>>>>

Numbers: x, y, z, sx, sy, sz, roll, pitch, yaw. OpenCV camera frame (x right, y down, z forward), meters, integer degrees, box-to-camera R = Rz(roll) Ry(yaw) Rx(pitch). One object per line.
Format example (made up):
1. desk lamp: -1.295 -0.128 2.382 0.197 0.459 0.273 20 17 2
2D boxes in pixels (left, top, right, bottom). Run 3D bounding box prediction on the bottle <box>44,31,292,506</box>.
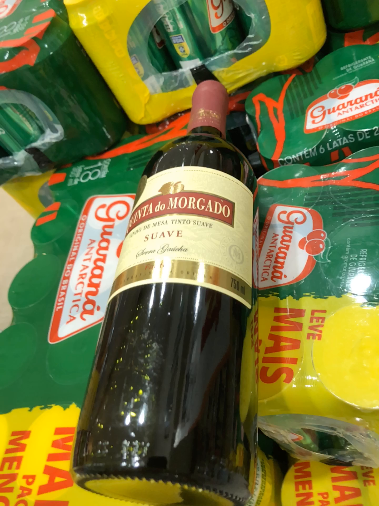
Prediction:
1. bottle: 0.006 -0.016 0.239 0.080 0.070 0.271 -1 55 9
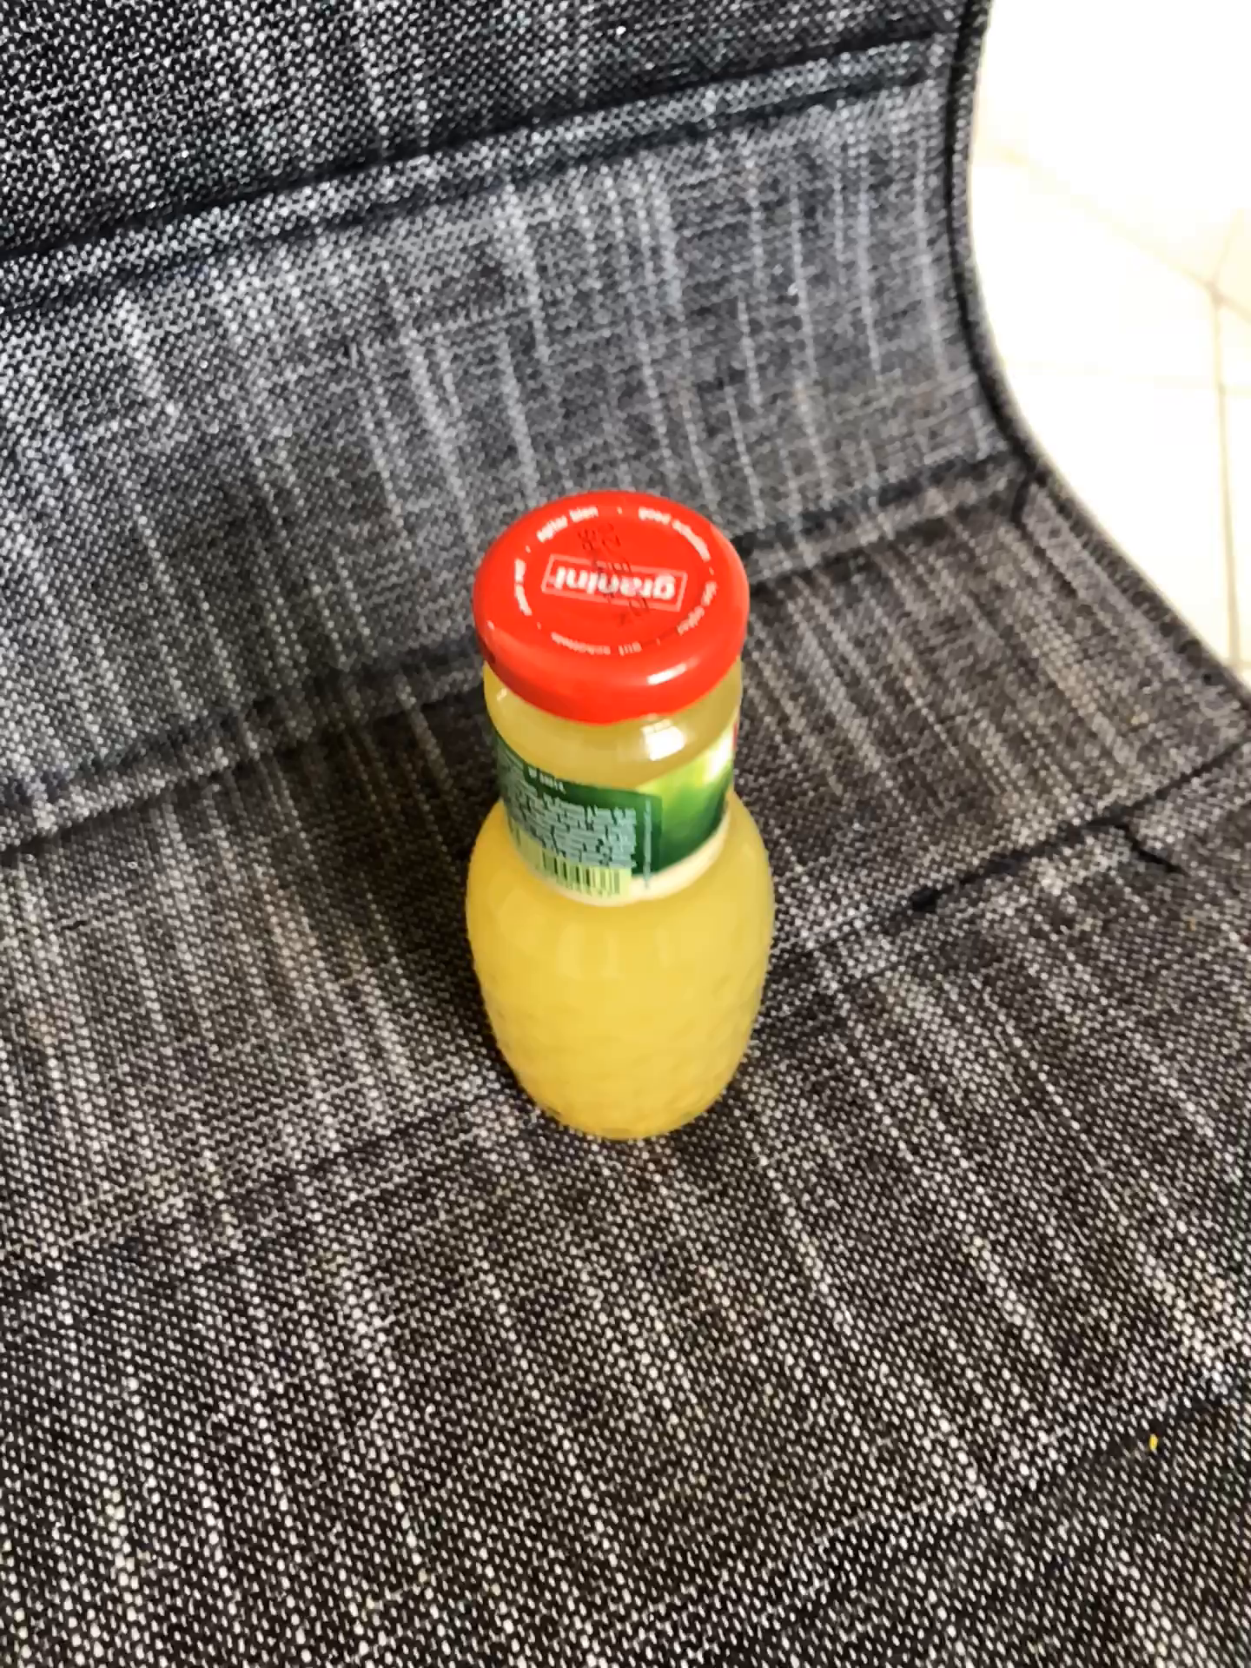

<<<<

■ **WHAT IS BEING ASKED**: Each line of the listing that contains the word "right" must be counted. Give only the resulting figure.

■ **EXERCISE SOLUTION**: 2